Ebb Tides, by Mary Soon Lee

Book Review by James Michael White

Have you read this book?

Ebb Tides is a collection of twenty short stories by Mary Soon Lee who explores the sociological side of science fiction (as opposed to the hard gadget/techy/wow side) with tales whose most particular thread is the social observance and social disapproval of the nonconformists, and whose general thread is precisely that, nonconformism. Here the squeaky wheels suffer in a kind of lightheartedly nihilistic fashion as a result of their anti-tidal movements, most of the time reaching a deep and meaningful insight for it though so doing often ruins them in some way.

Tragic?

Sometimes.

Maudlin?

Sometimes, that, too.

But also comic, and also pretty good most of the time. Here there are hints of Philip K. Dick trickery and Harlan Ellison like fun that are both moving and entertaining.

EBB TIDE
Rating: 9
Things start bad, then get worse in this well-done SF-Gloomer in which yet another Mysterious Disease Without a Cure -- and yes, probably brought about by man's woggling with the environment -- one that sounds a lot like precocious Alzheimer's, afflicts the world population. Here it affects Clarissa, little daughter of the female lead, assuring the most poignant of weepys when the ultimate fate befalls the unfortunate big-eyed tyke. Of more interest than the plot device malady is the opposite social responses to it taken by the U.S. and the U.K., where in the modern former the afflicted are turned into human robots (hu-bots) per law, and in the modern, more humanistic latter (a decaying place) no such requirement is made. Genuinely evocative, thickly pathetic, even maudlin, this one gets a 9 of 10 because it's touched with unintentional comedy.

LUNA CLASSIFIEDS
Rating: 8
Disjointed storytelling interwoven to produce separate world-building narratives, this one mostly succeeds with the cumulative effect of its fragments in which earthbound Pete longs for moonbound Mira in a series of brief notes, rambunctious kids fiddle with the house AI, anonymous friends offer Pete support, and a variety of other adverts/messages help construct a sense of just what kind of future we're dealing with, which is a pretty ordinary one. But a clever vision of the future is not what's for sale here: what works is the emotional involvement with Pete and a plight in which, "Mira, I looked up at the moon last night, the spots of light where the cities are.

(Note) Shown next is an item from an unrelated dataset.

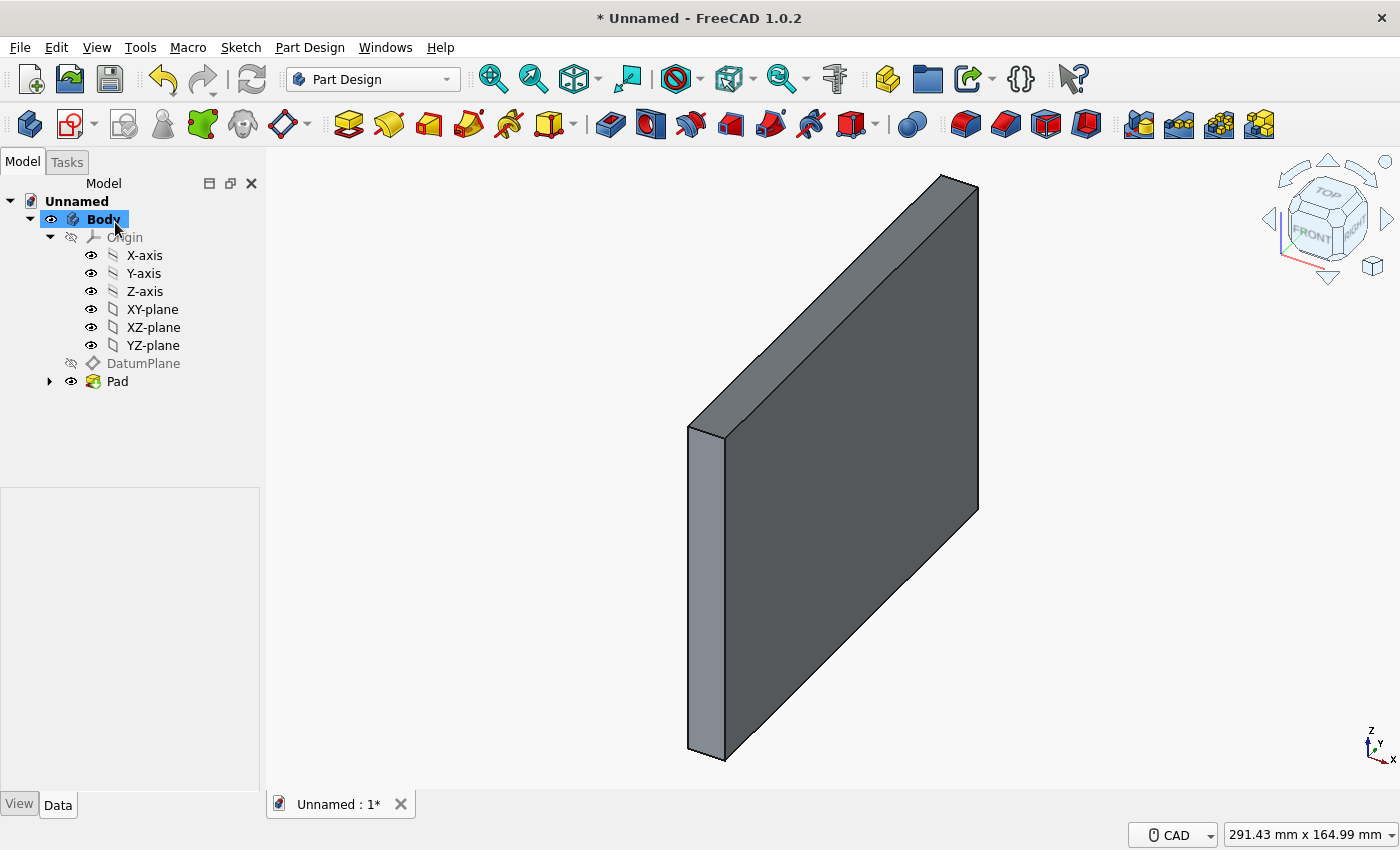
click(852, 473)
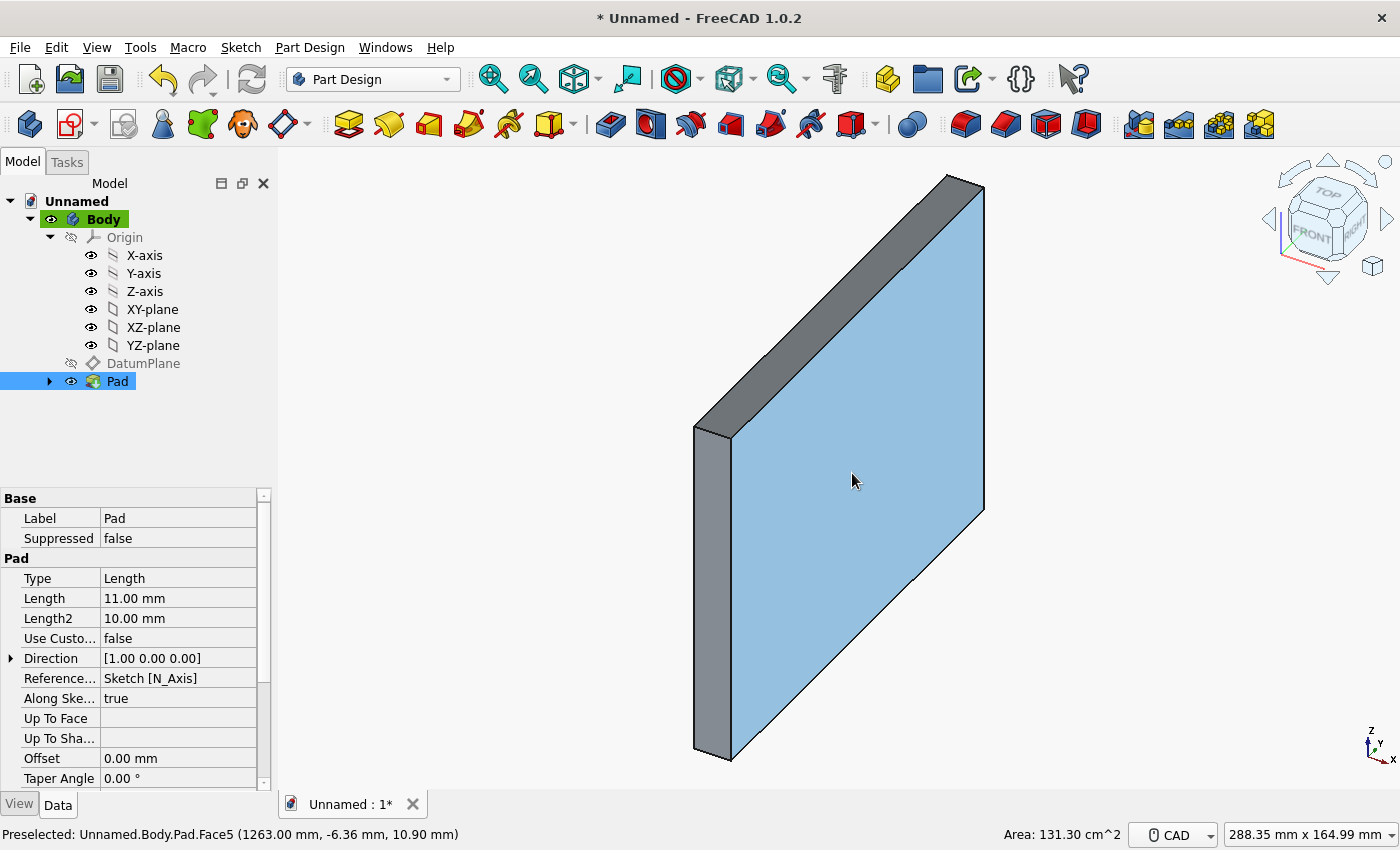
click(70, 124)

Are you up there somewhere? ... Do you ever go upside and look down at me?" effectively conveys the emotional linchpins of isolation and longing.

SILENT IN THE CITIES
Rating: 9
"The city always cried when I left." Great opening line for a pretty good story about the SF staple generation ship that has, oops, malfunctioned. The trick here is that successive generations of reproducing people are not transported, but their DNA samples are, everything tended by autonomous robots. Ah, but the big 'bot in charge gets lonely. With a title like "Silent in the Cities," guess what happens? The only real flaw here is a slight mismatch of tones, either unintentional or the product of my own interpretation of social claustrophobia. There's also the curious matter of the living data loop and what that could mean, but then that's another story entirely.

THE DAY BEFORE THEY CAME
Rating: 6
Try this trick. Pick a newspaper article. Any article. Preferably a short one. Before each paragraph, insert, "Before the aliens came..." then you'll get an idea of what's going on here, and what's going on is a snapshot of unremarkable future domesticity made potentially remarkable by that opening line. Problem is, the alien arrival is merely a device that creates a sense of something impending which should hold our interest but doesn't because we don't know if the soon-to-arrive-but-as-yet-unseen aliens are good or bad or indifferent. Sure, that not knowing is a device that keeps us reading, but once we've finished the story we're let down because we find that trick didn't have any functional purpose other than to lure us on in the most ignis fatuus fashion.

UNIVERSAL GRAMMAR
Rating: 8
In this tale of primary and secondary alien contact, Janna Suzorsky is an exo-linguist of the structuralist school (facility for language is hardwired into the human brain) who informs us that we have no chance of understanding alien language as thoroughly as we can Earth ones, then sets about understanding the language of Johny-come-lately aliens called the Tsiliit. The Tsiliit are the leading edge of the secondary type of alien contact, which means they don't already know Earth languages like the ones before did, and they are eager to share their games and food and interact freely with the Earth people, completely unlike the former. A good deal of the story revolves around deciphering the new arrivals, then getting to know them in buddy-buddy fashion, which makes this a tale of exploration and curiosity and eventual parting. Still, it works well and makes effective, if sparing, use of linguistics as the science behind the fiction.

EX TERRA, EX ASTRIS
Rating: 7
Exo-linguist Janna from the preceding story makes a return appearance. This time aliens approach Earth with a rather Star Trekkian sounding proposal to join their Confederacy, but some xenophobic Earthers want no part of this and, since Janna is an important figure in the human-alien relations, threaten her life.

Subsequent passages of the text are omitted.